Exactly the lines from the first line of the records to the line holding "Target object: the car (262,208,383,257)." should be duplicated, and nothing more; pictures stay out.

Available data

══════════════════════════════

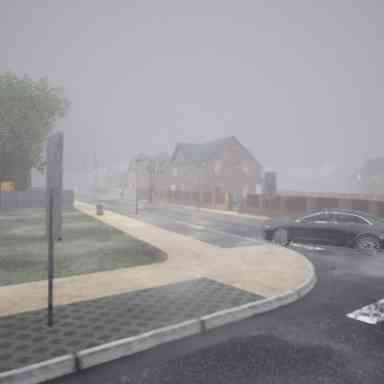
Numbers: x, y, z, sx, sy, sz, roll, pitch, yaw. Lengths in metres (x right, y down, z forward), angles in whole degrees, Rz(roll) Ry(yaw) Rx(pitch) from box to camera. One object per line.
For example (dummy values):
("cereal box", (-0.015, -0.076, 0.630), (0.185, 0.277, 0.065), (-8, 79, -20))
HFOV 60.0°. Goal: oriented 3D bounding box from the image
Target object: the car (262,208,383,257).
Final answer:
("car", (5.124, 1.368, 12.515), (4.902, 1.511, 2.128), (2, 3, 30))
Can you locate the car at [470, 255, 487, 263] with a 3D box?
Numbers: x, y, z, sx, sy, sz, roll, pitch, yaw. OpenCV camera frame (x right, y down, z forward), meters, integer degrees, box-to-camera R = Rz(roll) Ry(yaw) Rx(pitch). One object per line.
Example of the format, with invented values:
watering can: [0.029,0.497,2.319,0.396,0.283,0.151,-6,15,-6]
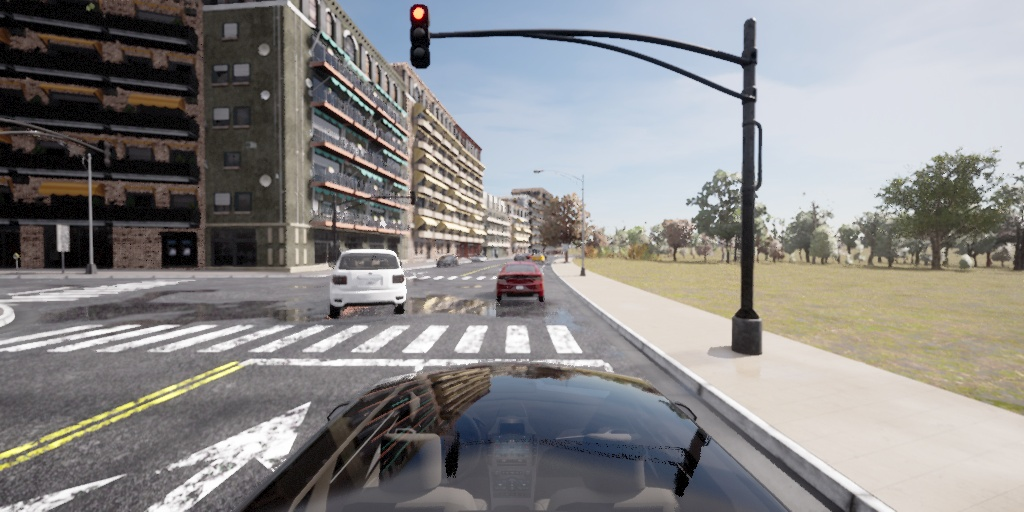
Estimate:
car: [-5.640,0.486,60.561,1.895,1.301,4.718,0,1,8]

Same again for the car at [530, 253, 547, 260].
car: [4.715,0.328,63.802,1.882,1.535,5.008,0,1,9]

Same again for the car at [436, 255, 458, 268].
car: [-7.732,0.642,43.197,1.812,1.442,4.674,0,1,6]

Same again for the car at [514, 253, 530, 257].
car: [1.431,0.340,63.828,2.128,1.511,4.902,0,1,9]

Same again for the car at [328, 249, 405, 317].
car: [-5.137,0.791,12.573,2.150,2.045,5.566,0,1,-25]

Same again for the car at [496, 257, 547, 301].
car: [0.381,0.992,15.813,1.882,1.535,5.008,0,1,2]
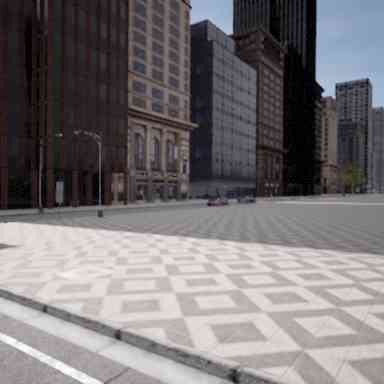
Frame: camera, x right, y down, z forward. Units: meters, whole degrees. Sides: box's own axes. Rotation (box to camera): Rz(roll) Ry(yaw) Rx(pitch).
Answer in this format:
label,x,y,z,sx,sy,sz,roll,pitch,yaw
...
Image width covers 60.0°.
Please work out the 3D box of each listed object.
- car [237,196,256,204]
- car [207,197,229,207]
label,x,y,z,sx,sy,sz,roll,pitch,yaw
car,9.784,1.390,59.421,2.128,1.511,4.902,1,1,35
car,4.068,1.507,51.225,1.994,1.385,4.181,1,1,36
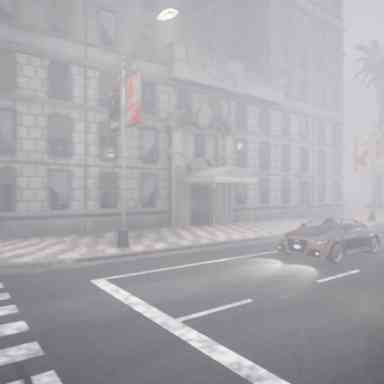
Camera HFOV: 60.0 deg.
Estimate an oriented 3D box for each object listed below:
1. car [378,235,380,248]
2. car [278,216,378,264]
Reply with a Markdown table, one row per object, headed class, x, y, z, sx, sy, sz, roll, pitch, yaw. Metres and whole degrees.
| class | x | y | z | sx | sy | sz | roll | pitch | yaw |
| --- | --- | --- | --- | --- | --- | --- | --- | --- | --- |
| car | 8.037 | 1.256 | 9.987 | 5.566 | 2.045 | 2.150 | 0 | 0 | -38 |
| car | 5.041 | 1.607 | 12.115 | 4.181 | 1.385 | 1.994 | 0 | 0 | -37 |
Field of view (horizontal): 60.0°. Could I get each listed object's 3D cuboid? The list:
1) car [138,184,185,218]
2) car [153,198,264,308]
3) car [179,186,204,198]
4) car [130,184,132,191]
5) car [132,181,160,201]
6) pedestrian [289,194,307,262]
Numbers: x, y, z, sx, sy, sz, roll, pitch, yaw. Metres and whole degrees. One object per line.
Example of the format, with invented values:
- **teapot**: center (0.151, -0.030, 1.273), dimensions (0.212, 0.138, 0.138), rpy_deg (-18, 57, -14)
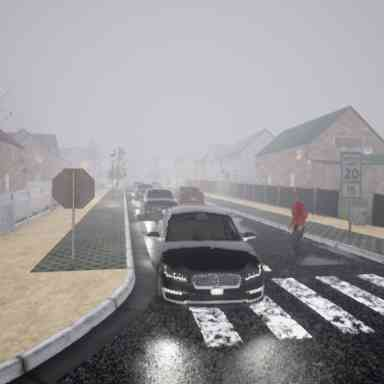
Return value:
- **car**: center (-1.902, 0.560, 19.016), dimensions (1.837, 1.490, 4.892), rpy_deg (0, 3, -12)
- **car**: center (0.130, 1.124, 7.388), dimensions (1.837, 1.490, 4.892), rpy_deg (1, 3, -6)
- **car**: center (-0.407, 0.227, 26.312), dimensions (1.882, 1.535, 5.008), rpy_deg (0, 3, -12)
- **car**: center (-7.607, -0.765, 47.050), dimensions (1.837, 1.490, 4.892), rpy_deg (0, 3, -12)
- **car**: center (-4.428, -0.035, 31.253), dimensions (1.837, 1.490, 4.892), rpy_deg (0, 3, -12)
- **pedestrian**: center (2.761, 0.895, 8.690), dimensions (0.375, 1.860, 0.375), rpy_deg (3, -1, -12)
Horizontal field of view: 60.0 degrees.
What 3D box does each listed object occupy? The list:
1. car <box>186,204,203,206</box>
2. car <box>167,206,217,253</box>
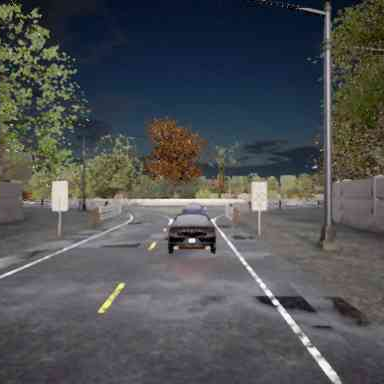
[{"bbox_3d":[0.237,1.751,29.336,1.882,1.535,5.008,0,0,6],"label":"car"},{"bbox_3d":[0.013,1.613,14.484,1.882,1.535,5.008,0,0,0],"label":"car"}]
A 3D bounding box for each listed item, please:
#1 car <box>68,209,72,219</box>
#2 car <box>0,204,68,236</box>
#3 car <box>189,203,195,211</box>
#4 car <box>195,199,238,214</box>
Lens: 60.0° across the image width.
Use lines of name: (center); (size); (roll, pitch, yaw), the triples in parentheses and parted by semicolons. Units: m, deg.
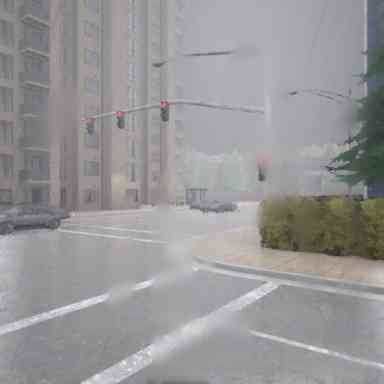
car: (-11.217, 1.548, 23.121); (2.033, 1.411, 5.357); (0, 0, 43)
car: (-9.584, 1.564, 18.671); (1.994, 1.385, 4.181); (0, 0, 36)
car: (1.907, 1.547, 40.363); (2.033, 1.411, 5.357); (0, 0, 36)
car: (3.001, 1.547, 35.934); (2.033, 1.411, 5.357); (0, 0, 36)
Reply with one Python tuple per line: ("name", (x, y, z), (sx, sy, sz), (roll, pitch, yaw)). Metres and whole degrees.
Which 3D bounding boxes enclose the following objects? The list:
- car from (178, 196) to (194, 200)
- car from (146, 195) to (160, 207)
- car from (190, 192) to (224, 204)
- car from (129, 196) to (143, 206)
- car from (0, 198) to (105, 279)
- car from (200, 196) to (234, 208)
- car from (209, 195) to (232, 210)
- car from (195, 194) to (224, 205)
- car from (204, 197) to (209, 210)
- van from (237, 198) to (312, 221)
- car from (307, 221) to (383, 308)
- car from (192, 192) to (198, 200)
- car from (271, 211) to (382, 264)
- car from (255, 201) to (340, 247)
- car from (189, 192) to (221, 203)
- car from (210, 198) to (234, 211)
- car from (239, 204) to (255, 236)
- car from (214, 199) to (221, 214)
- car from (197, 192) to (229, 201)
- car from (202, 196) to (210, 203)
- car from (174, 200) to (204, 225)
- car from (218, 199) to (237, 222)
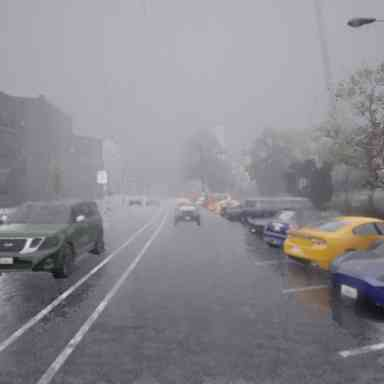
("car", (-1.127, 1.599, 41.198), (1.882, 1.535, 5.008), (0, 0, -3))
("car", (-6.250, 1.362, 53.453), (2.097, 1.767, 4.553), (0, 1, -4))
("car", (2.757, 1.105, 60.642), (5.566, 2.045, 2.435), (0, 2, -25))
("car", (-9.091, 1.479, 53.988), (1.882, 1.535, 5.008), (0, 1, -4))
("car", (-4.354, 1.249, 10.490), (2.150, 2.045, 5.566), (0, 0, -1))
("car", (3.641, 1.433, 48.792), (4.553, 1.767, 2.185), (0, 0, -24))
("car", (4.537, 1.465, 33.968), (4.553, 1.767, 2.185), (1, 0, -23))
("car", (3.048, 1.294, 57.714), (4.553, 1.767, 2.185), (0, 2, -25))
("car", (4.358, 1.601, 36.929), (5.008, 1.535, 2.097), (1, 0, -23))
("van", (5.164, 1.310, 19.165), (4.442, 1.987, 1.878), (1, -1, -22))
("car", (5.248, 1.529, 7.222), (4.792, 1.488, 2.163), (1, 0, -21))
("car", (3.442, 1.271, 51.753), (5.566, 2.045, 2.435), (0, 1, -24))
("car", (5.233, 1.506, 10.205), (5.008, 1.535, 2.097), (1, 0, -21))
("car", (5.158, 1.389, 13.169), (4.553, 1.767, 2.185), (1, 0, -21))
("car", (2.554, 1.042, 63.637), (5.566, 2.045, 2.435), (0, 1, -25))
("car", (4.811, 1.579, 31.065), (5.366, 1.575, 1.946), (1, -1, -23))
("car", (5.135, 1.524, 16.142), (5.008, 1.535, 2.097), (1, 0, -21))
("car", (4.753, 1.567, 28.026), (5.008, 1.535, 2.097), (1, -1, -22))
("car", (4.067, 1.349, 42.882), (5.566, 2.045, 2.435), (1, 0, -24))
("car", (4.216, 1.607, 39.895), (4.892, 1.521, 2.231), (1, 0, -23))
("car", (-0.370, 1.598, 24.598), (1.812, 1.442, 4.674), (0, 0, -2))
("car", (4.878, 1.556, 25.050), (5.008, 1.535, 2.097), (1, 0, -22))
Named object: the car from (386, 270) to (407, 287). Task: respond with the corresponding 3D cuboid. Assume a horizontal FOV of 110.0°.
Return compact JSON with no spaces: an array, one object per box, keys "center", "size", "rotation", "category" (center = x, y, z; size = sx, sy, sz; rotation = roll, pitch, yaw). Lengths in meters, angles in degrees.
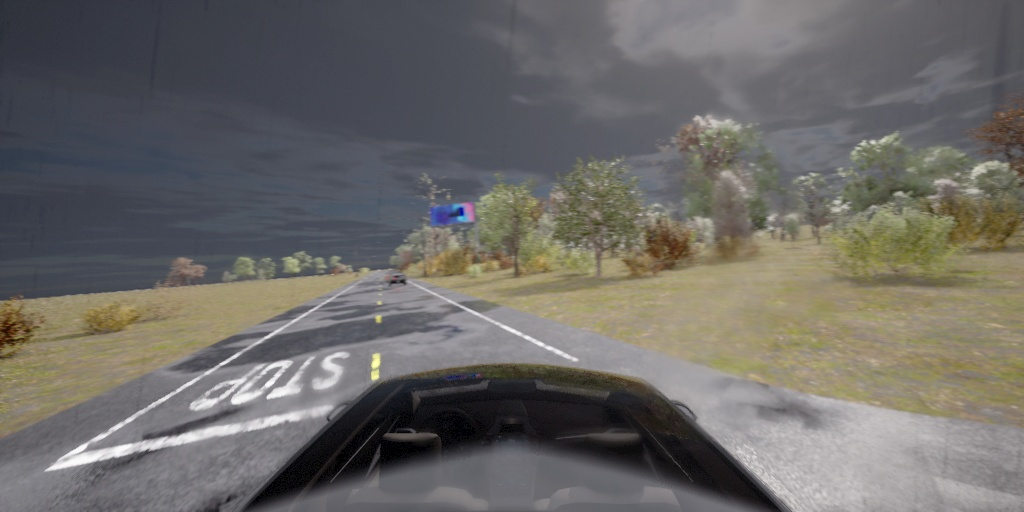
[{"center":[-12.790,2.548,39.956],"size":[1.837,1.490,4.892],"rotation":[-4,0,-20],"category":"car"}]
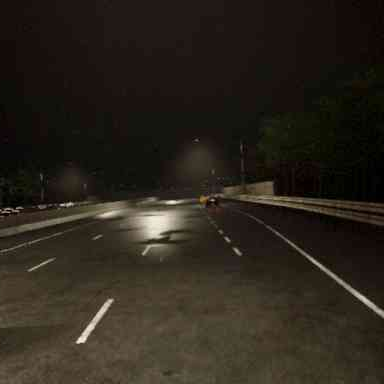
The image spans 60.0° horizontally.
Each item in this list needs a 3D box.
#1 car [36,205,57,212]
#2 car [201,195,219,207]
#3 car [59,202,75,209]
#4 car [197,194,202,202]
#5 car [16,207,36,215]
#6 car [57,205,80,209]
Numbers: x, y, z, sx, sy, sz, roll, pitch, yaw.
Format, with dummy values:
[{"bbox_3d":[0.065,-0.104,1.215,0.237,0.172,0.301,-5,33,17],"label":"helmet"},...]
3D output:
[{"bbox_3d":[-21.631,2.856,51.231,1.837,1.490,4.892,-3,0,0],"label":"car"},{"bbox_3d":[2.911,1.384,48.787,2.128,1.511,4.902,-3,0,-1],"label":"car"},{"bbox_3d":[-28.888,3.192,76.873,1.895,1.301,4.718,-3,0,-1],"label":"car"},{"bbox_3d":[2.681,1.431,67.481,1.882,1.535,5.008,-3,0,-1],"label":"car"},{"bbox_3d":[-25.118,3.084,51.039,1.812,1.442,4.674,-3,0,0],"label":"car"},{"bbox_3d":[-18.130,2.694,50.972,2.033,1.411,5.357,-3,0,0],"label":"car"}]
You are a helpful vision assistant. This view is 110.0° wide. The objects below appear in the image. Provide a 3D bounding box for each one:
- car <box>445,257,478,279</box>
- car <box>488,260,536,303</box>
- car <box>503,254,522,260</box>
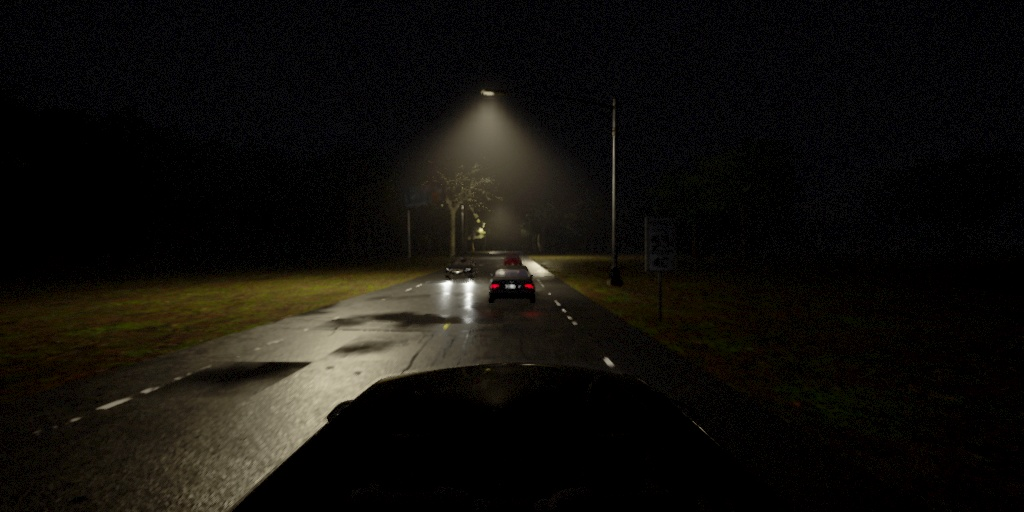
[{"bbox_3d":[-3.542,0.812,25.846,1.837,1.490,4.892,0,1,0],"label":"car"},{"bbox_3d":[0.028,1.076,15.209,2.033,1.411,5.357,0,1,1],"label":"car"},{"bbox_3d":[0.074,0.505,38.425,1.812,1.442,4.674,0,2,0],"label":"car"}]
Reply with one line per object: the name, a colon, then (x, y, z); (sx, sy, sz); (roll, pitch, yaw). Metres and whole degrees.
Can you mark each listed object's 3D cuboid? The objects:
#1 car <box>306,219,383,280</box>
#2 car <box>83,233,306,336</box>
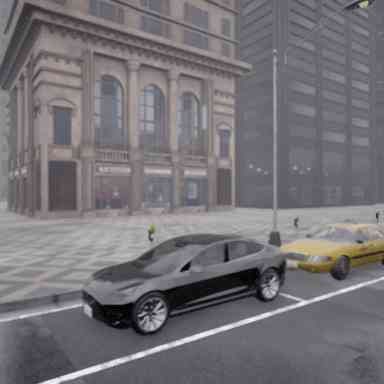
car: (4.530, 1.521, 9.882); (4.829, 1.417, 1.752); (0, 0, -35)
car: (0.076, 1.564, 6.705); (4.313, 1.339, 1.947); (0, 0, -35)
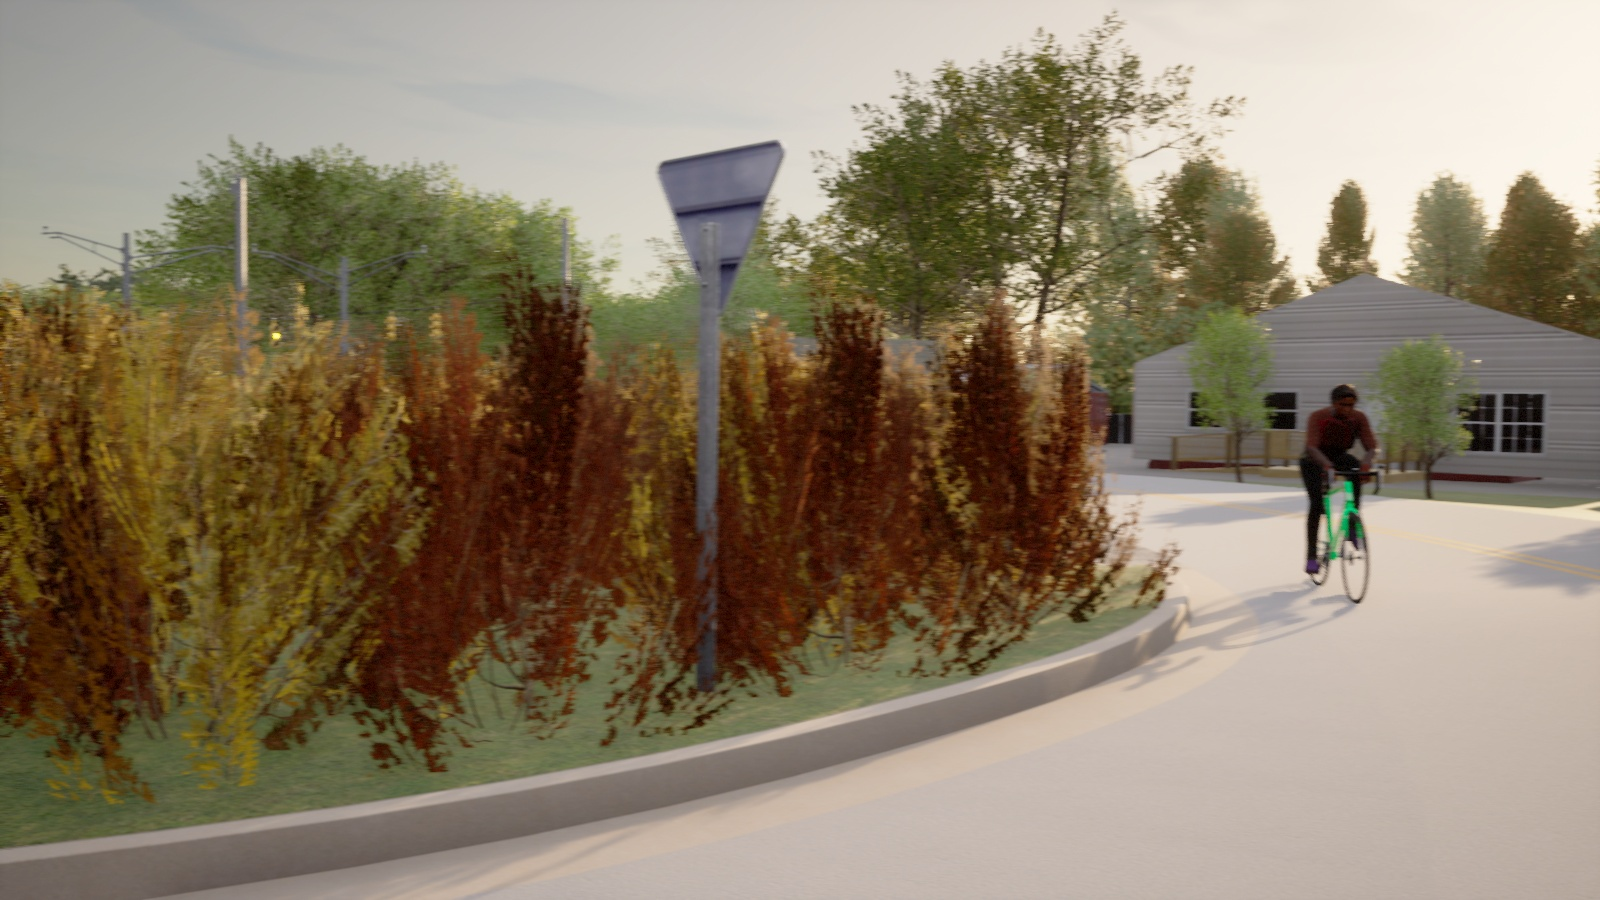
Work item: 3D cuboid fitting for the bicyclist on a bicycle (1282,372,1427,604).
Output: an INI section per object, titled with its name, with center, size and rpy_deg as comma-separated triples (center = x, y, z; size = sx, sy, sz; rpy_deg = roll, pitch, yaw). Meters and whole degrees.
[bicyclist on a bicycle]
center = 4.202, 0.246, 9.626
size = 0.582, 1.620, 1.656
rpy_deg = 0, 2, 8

══════════════════════════════

Task result
Numbers: x, y, z, sx, sy, sz, roll, pitch, yaw. Lengths in metres (x right, y down, z forward), angles in whole degrees, Rz(roll) Ry(yaw) Rx(pitch) from box to camera. One object per line.
For example (dummy values):
("cereal box", (-0.015, -0.076, 0.630), (0.185, 0.277, 0.065), (-8, 79, -20))
HFOV 60.0°. Goal: oriented 3D bounding box from the image
Target object: the car (262,208,383,257).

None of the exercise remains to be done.